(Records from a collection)
===
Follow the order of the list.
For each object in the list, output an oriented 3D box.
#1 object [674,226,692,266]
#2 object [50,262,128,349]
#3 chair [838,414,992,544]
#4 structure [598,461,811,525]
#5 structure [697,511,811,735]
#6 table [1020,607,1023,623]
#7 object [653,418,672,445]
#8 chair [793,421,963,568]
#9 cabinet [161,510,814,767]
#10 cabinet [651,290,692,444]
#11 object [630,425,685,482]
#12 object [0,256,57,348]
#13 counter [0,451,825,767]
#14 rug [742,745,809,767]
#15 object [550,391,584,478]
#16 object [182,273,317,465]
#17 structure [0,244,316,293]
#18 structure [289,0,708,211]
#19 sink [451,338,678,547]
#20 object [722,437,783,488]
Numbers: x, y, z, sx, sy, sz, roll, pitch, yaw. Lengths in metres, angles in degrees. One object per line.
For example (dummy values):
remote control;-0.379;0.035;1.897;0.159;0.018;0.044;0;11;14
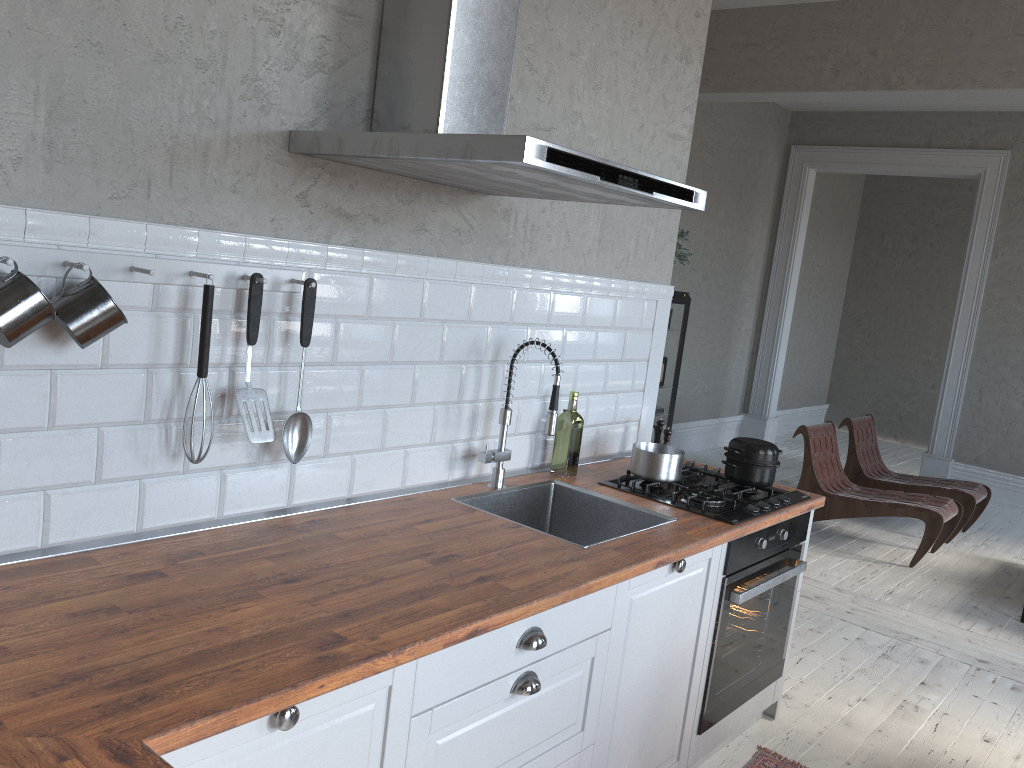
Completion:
===
Reproduce each line of the entries in which the word "chair" is found.

• Result of this exercise:
#3 chair [838,414,992,544]
#8 chair [793,421,963,568]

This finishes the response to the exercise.